*WORK ORDER*:
Although the data below holds other lines too, output only those from the line with "- cardboard box (277,0,314,34)" up to and including the line with "- cardboard box (1876,218,1907,252)", exactly as they appear.

*GIVEN DATA*:

━━━━━━━━

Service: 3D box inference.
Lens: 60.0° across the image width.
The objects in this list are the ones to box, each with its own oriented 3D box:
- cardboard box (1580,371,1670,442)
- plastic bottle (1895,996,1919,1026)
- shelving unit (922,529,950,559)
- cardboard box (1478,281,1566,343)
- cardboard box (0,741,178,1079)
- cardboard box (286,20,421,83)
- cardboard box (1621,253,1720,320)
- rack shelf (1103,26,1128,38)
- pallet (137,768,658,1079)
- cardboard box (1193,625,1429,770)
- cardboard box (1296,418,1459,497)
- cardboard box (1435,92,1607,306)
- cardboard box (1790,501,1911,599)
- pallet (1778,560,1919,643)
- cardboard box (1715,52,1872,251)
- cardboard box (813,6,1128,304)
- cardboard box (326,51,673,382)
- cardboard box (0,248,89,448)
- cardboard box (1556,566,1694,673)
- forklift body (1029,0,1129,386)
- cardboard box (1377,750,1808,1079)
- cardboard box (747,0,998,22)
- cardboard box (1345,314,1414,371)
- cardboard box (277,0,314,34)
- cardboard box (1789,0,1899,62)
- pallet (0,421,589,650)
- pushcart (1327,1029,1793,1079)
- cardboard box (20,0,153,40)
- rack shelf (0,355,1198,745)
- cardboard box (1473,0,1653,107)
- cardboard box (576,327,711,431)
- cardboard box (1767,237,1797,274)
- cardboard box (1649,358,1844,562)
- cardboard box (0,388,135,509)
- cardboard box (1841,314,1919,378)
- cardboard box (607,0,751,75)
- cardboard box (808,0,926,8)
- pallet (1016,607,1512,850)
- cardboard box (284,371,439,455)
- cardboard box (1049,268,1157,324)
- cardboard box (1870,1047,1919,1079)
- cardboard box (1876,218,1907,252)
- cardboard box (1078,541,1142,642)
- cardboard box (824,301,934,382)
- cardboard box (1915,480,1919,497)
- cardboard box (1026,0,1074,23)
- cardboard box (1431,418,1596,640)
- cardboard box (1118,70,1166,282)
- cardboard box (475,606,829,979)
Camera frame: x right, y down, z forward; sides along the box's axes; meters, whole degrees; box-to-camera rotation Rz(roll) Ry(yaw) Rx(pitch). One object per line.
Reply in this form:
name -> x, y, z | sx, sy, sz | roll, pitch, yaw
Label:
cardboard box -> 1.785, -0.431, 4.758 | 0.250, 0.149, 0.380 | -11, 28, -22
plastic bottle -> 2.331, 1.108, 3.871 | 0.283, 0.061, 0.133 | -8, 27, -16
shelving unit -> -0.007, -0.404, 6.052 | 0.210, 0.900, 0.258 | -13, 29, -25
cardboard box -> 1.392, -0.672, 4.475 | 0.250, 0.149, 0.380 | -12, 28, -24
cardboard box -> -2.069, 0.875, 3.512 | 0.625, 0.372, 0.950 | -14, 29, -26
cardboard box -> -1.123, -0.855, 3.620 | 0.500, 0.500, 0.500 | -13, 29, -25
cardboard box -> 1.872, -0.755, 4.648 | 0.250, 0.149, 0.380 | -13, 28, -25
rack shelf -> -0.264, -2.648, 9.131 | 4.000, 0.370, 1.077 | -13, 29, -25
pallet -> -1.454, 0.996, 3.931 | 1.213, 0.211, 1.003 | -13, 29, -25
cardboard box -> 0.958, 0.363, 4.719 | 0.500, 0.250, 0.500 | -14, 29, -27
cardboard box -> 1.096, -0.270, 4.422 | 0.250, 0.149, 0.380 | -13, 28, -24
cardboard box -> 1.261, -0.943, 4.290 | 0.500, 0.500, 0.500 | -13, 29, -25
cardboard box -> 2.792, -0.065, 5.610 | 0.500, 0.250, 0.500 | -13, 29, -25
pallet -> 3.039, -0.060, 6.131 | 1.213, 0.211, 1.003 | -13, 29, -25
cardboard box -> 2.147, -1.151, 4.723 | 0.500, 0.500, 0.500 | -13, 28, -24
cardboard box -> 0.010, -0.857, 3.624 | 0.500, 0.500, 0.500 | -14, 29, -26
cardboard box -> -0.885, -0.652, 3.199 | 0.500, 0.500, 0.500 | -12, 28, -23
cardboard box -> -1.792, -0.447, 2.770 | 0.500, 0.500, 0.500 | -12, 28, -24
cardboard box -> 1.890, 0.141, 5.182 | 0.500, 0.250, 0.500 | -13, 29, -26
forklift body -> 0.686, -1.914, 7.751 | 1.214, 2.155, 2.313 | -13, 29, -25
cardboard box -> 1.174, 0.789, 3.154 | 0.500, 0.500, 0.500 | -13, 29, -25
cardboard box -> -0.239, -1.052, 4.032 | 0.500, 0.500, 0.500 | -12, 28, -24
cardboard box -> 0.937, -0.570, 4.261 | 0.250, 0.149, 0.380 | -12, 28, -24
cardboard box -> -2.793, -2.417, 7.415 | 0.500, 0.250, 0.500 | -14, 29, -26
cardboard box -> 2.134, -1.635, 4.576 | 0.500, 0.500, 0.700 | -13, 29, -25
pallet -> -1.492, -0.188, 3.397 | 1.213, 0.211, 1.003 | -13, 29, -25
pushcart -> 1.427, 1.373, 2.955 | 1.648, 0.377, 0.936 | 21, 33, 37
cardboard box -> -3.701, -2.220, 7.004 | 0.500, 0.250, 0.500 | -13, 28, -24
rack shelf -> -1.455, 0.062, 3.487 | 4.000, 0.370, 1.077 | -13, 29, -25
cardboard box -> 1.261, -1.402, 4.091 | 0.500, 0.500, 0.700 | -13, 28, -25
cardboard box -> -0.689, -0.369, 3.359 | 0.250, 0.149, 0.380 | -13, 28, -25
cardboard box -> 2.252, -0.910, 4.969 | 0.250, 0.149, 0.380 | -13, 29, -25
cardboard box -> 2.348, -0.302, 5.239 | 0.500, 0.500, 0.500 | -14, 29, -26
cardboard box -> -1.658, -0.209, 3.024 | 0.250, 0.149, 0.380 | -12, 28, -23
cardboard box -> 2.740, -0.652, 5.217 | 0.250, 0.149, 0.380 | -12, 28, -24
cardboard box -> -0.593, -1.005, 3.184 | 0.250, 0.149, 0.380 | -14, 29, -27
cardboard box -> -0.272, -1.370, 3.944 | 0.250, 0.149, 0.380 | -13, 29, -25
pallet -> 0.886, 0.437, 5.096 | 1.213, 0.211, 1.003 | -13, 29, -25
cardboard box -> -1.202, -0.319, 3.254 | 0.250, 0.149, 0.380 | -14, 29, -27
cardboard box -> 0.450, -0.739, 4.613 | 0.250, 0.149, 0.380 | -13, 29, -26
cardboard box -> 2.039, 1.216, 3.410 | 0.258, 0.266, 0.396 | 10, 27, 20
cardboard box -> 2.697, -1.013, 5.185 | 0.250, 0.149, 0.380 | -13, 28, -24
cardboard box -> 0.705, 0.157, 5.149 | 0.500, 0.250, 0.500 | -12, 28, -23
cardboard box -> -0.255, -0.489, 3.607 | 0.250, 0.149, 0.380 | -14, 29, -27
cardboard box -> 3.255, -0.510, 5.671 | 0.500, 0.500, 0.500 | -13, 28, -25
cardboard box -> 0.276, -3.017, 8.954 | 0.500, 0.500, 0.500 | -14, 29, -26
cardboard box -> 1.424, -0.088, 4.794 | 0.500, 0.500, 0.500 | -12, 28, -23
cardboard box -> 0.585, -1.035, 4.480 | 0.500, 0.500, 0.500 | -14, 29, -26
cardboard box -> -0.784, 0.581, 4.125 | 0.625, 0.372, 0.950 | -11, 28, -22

━━━━━━━━

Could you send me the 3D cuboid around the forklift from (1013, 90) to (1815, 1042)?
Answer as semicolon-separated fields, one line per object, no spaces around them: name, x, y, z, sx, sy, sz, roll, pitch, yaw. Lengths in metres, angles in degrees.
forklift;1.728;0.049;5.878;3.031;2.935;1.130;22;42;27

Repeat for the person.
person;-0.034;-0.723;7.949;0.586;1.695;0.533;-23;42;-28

━━━━━━━━

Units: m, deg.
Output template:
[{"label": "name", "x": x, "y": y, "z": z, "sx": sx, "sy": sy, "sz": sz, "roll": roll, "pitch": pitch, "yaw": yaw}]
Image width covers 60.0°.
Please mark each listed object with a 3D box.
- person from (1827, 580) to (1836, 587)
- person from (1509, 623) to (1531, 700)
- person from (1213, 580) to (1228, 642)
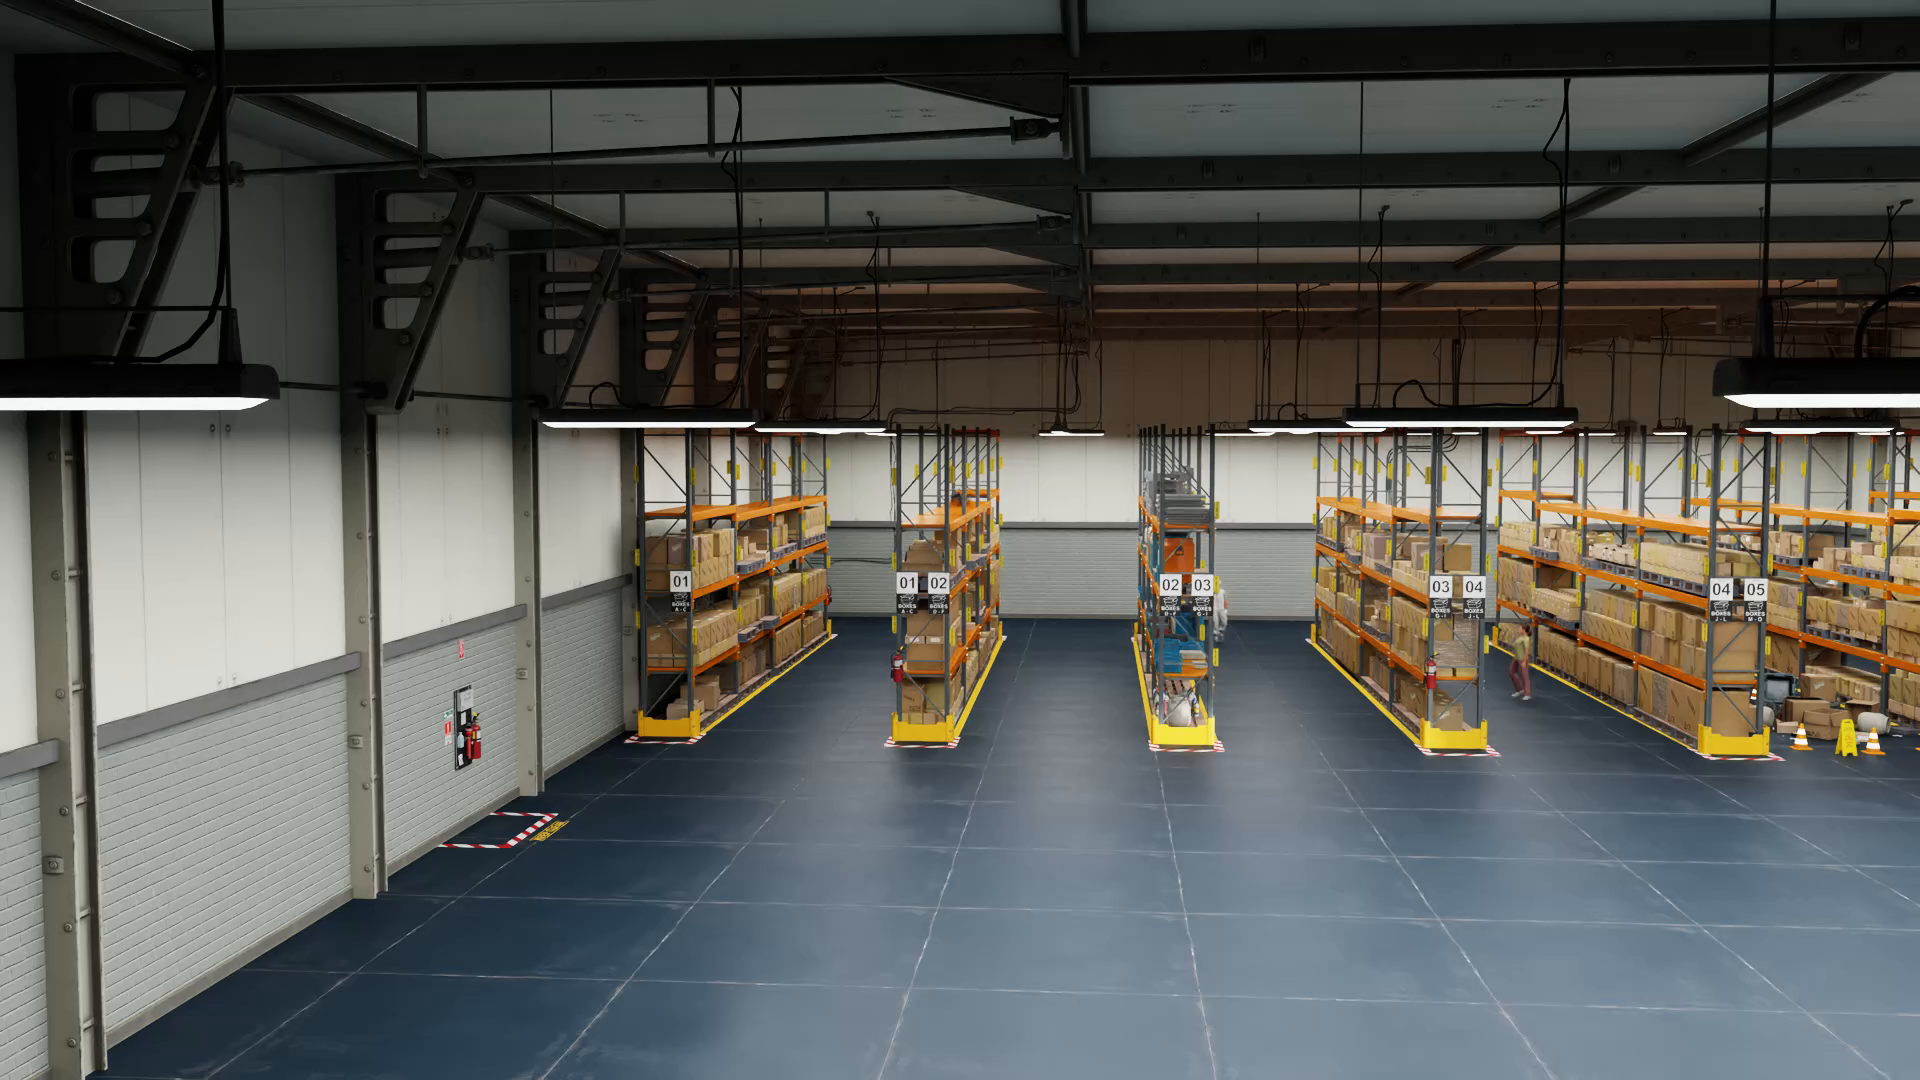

━━━━━━━━

*REPLY TO THE TASK*:
- cardboard box (277,0,314,34)
- cardboard box (1789,0,1899,62)
- pallet (0,421,589,650)
- pushcart (1327,1029,1793,1079)
- cardboard box (20,0,153,40)
- rack shelf (0,355,1198,745)
- cardboard box (1473,0,1653,107)
- cardboard box (576,327,711,431)
- cardboard box (1767,237,1797,274)
- cardboard box (1649,358,1844,562)
- cardboard box (0,388,135,509)
- cardboard box (1841,314,1919,378)
- cardboard box (607,0,751,75)
- cardboard box (808,0,926,8)
- pallet (1016,607,1512,850)
- cardboard box (284,371,439,455)
- cardboard box (1049,268,1157,324)
- cardboard box (1870,1047,1919,1079)
- cardboard box (1876,218,1907,252)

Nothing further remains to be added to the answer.